> [Saved entries]
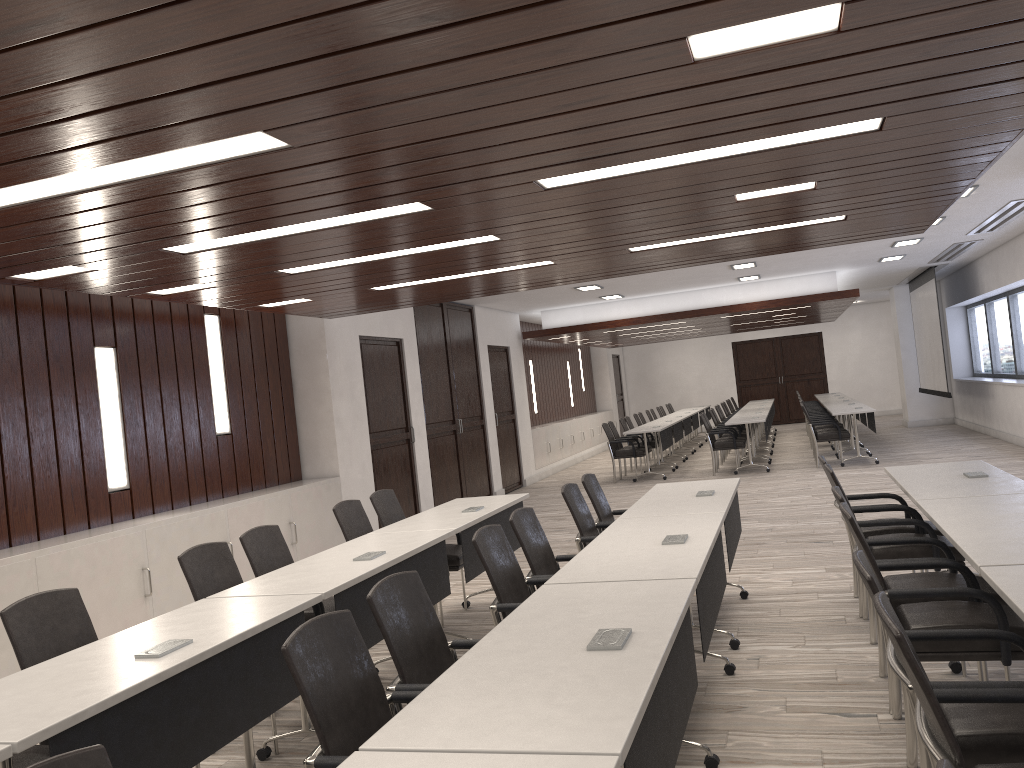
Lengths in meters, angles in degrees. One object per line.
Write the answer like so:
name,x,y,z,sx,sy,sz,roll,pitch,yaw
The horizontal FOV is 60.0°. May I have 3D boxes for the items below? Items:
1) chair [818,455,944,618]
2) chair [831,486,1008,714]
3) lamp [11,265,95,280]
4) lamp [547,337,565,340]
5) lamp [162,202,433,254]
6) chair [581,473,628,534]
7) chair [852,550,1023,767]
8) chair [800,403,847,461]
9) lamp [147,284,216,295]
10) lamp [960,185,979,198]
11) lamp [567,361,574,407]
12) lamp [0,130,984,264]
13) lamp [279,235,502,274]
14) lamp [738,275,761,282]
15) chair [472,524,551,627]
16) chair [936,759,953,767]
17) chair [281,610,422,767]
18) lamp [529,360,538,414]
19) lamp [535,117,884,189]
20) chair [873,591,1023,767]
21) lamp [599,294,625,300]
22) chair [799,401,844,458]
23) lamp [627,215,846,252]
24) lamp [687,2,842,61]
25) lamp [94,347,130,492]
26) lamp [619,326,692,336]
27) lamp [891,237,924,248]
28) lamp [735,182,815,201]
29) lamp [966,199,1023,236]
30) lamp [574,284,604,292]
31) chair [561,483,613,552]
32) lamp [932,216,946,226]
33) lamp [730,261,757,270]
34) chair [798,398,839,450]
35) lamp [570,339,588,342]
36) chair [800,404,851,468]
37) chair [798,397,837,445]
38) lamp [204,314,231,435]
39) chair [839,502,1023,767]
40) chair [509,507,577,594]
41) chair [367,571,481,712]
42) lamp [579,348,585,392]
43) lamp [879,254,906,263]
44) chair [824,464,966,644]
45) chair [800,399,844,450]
chair,2.240,0.877,5.372,0.638,0.939,0.513,-6,-1,17
chair,1.800,0.902,3.920,0.638,0.939,0.513,-6,-1,18
lamp,-2.590,-0.649,4.995,0.464,0.045,0.236,-6,-1,17
lamp,0.844,-0.855,16.027,0.464,0.045,0.236,-6,-1,17
lamp,-1.123,-0.813,4.535,1.496,0.045,0.236,-6,-1,17
chair,0.830,1.035,5.819,0.638,0.939,0.513,-6,-1,16
chair,1.338,0.931,2.468,0.638,0.939,0.513,-6,-1,17
chair,4.790,0.723,13.566,0.638,0.939,0.513,-6,-1,17
lamp,-2.263,-0.669,6.045,0.464,0.045,0.236,-6,-1,17
lamp,4.052,-1.796,8.145,0.324,0.120,0.519,-6,-1,17
lamp,1.287,0.004,20.315,0.094,1.058,0.236,-6,-1,17
lamp,2.782,-1.430,8.447,1.469,0.552,14.295,-7,-1,40
lamp,-0.796,-0.833,5.585,1.496,0.045,0.236,-6,-1,17
lamp,3.623,-1.670,13.565,0.324,0.120,0.519,-6,-1,17
chair,0.210,1.073,3.862,0.638,0.939,0.513,-6,-1,17
chair,0.891,0.957,1.014,0.638,0.939,0.513,-6,-1,16
chair,-0.224,1.098,2.408,0.638,0.939,0.513,-6,-1,16
lamp,0.372,0.059,17.375,0.094,1.058,0.236,-6,-1,17
lamp,0.832,-1.033,3.922,1.496,0.045,0.236,-6,-1,17
chair,1.195,0.939,1.963,0.638,0.939,0.513,-6,-1,17
lamp,1.594,-1.443,14.201,0.324,0.120,0.519,-6,-1,17
chair,5.087,0.706,14.523,0.638,0.939,0.513,-6,-1,18
lamp,1.551,-1.076,6.232,1.496,0.045,0.236,-6,-1,17
lamp,0.727,-1.041,2.572,0.421,0.046,0.236,-6,-1,17
lamp,-2.997,0.262,6.552,0.094,1.058,0.236,-6,-1,17
lamp,2.768,-1.047,17.038,1.496,0.045,0.236,-6,-1,17
lamp,5.042,-1.856,11.327,0.324,0.120,0.519,-6,-1,17
lamp,1.446,-1.084,4.882,0.421,0.046,0.236,-6,-1,17
lamp,3.105,-1.503,5.908,1.499,0.552,12.001,-7,-1,34
lamp,1.086,-1.412,12.567,0.324,0.120,0.519,-6,-1,17
chair,0.671,1.044,5.317,0.638,0.939,0.513,-6,-1,17
lamp,4.560,-1.827,9.779,0.324,0.120,0.519,-6,-1,17
lamp,3.115,-1.640,11.931,0.324,0.120,0.519,-6,-1,17
chair,5.538,0.678,15.967,0.638,0.939,0.513,-6,-1,18
lamp,1.302,-0.883,17.498,0.464,0.045,0.236,-6,-1,17
chair,4.634,0.733,13.067,0.638,0.939,0.513,-6,-1,18
chair,5.695,0.669,16.467,0.638,0.939,0.513,-6,-1,18
lamp,-2.639,-0.079,7.816,0.094,1.058,0.236,-6,-1,17
chair,1.650,0.911,3.419,0.638,0.939,0.513,-6,-1,17
chair,0.367,1.063,4.361,0.638,0.939,0.513,-6,-1,17
chair,-0.084,1.090,2.920,0.638,0.939,0.513,-6,-1,18
lamp,1.645,-0.336,21.580,0.094,1.058,0.236,-6,-1,17
lamp,5.551,-1.886,12.961,0.324,0.120,0.519,-6,-1,17
chair,2.101,0.884,4.870,0.638,0.939,0.513,-6,-1,17
chair,5.258,0.694,15.016,0.638,0.939,0.513,-6,-1,16

> [Exercise details]
Using the data above, reproduce exactly the lines from the line that contains "6) chair [581,473,628,534]" through the line that contains "44) chair [824,464,966,644]", including both.

> [Answer space]
6) chair [581,473,628,534]
7) chair [852,550,1023,767]
8) chair [800,403,847,461]
9) lamp [147,284,216,295]
10) lamp [960,185,979,198]
11) lamp [567,361,574,407]
12) lamp [0,130,984,264]
13) lamp [279,235,502,274]
14) lamp [738,275,761,282]
15) chair [472,524,551,627]
16) chair [936,759,953,767]
17) chair [281,610,422,767]
18) lamp [529,360,538,414]
19) lamp [535,117,884,189]
20) chair [873,591,1023,767]
21) lamp [599,294,625,300]
22) chair [799,401,844,458]
23) lamp [627,215,846,252]
24) lamp [687,2,842,61]
25) lamp [94,347,130,492]
26) lamp [619,326,692,336]
27) lamp [891,237,924,248]
28) lamp [735,182,815,201]
29) lamp [966,199,1023,236]
30) lamp [574,284,604,292]
31) chair [561,483,613,552]
32) lamp [932,216,946,226]
33) lamp [730,261,757,270]
34) chair [798,398,839,450]
35) lamp [570,339,588,342]
36) chair [800,404,851,468]
37) chair [798,397,837,445]
38) lamp [204,314,231,435]
39) chair [839,502,1023,767]
40) chair [509,507,577,594]
41) chair [367,571,481,712]
42) lamp [579,348,585,392]
43) lamp [879,254,906,263]
44) chair [824,464,966,644]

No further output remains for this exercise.